The serious moderation of the CPI report has me seeing a greater possibility of soft landing navigated by the Fed, states Steve Reitmeister of Reitmeister Total Return.

That plus the recent price action cannot have our strategy fighting the tide any longer. With that, we are removing all elements of the previous hedge except we will keep XLG in the fold. Along with that will be adding seven Risk On positions (two ETFs and five stocks). All in all, we are shifting to 70% long the stock market with the trades that follow.

  • Sell all current positions EXCEPT hold onto 11.5% allocation to Invesco S&P 500 Top 50 ETF (XLG)
  • Buy 10% allocation to Russell 2000 ETF (IWM)
  • Buy 10% allocation to Regional Banking ETF (KRE)
  • Buy 8% allocation to Commvault Systems (CVLT)
  • Buy 8% allocation to EnerSys (ENS)
  • Buy 7.5% allocation to NetScout Systems (NTCT)
  • Buy 7.5% allocation to Tennant (TNC)
  • Buy 7.5% allocation to Vontier (VNT)

Given the large number of trades, we are not going to go into detail on each one. So, let's simplify by giving this quickie version. I expect small caps to outperform. Buying IWM is the "Easy Button" to buy this group. The regional banks, as you know, were incredibly beaten down given a small group of bank failures. The greater the odds of a soft landing...the greater the odds this group bounces back with gusto.

As for the five individual stocks, we added they are all attractive growth, Risk On positions that I got from a mix of POWR Screens ten portfolios. Meaning they are filled to the brim with the best POWR Ratings, which increases the odds of future outperformance. We will give more specifics on each in future commentaries.

Likely you are wondering...why we are only 70% long instead of 100%?

First, consider a large shift that is already from the bearish hedge we had before. Second, realize that the possibility of a recession and stock sell-off still exists. So, I am not ready for 100% long at this time...but the more that good news prevails...the more we will shift in that direction.

What should you do with the Top Ten Small Caps strategy that I have been including in commentary when I was more bearish?

Technically speaking the massive changes to the RTR portfolio today means those extra picks are no longer needed. And thus, I will not show these stocks in my commentary going forward. Does that mean you should sell those small-cap selections in your portfolio? That is entirely up to you. If you plan to follow RTR to the letter and not invest in other stocks/funds, then yes, you should sell them.

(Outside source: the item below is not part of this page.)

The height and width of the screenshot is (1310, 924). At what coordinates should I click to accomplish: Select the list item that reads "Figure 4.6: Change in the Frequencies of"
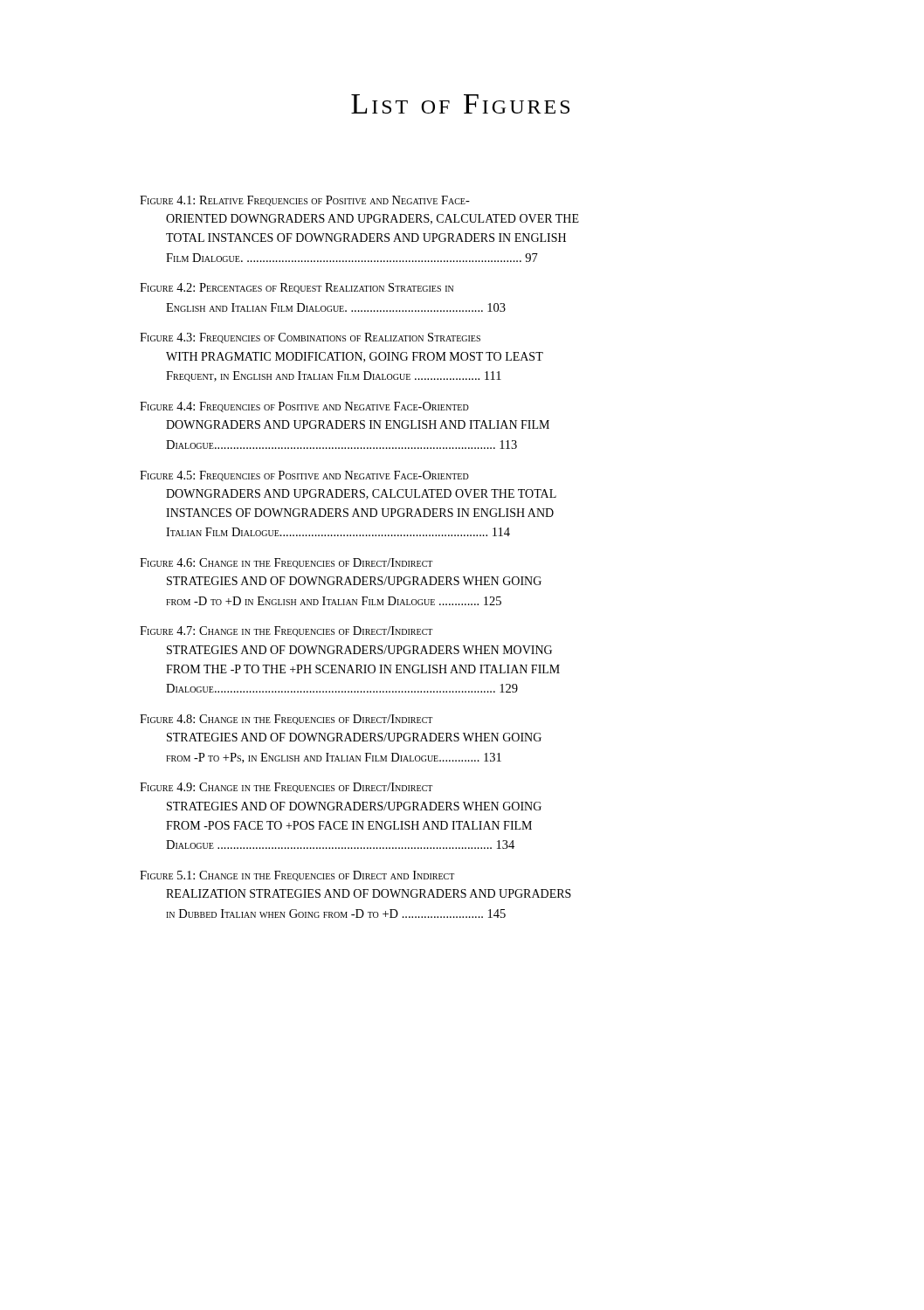462,582
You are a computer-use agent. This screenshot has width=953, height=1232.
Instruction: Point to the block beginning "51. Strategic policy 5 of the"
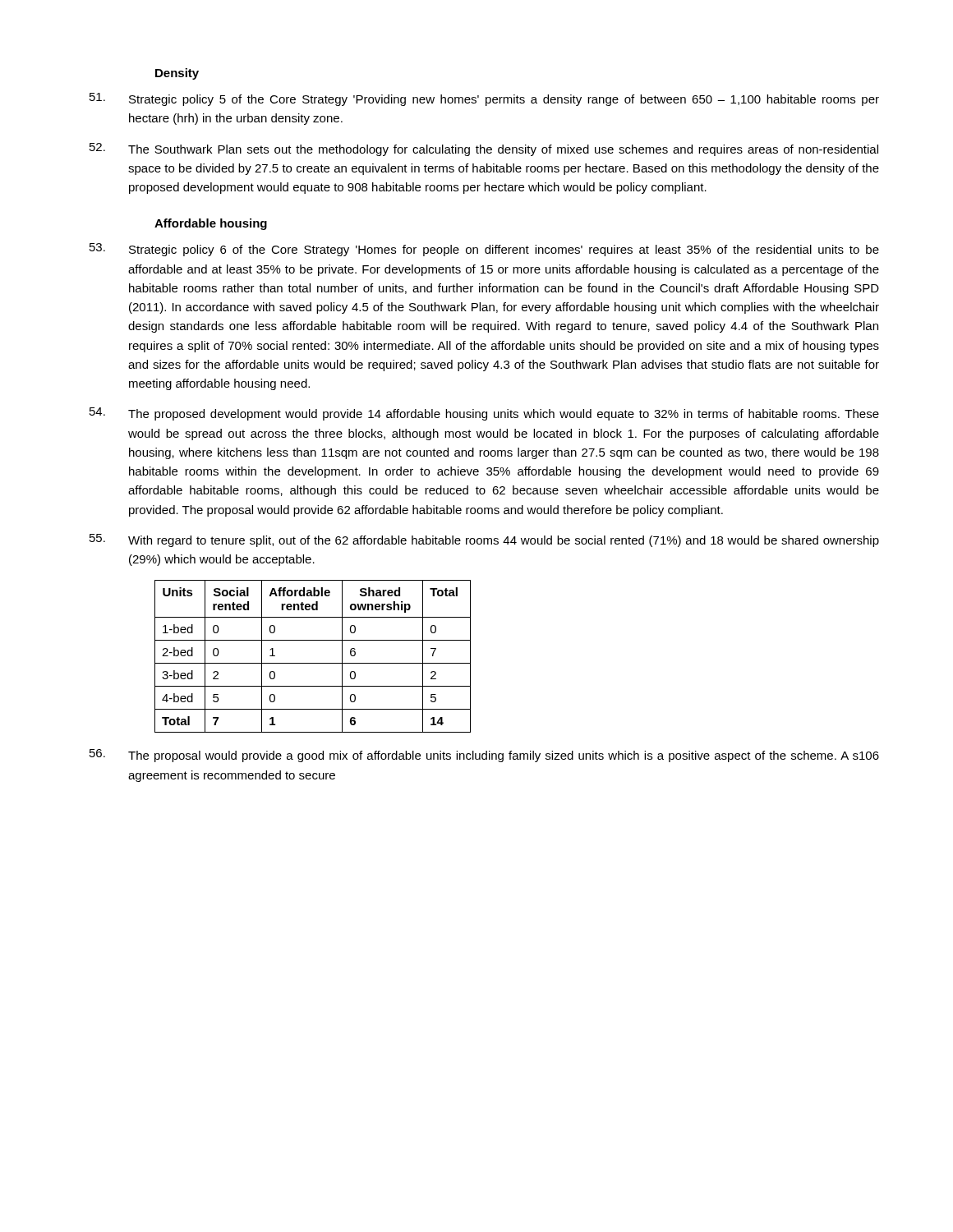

Yes, this is a dramatic shift from the recent past. And for as bearish as I was, I still very much had an open mind that this could indeed be the start of the next bull market. That notion was most certainly behind the 4/1/23 change in strategy to become 50% long by adding the Top Ten Small Caps. And that open mind had me prepared to shift even more bullish as new facts emerged. My commentary yesterday spelled some of that out. Plus, the undeniable good news found in the CPI report helps us appreciate the greater bullish possibilities. I guess you could say these fit with my investment style. First, create a market outlook given the facts in hand, and then select a portfolio that befits that outlook.

Next, understand that you might be 100% wrong and thus also wise to create contingency plans of what would make you change your mind...and what trades you would make. Gladly these trades were already making it an easy move after the CPI report came in. Yes, there is a little part of me that fears the Murphy's Law moment. That we are buying in on the last rush of this bull run before a sell-off.

That is always possible with the stock market. Thus, it is important that you know this move is not being made about what I expect to happen in the next few days or weeks. Rather, this is a longer-term shift to appreciate the greater possibility that the long-term bull market may be in hand. So, the sooner our portfolio is aligned with that the better.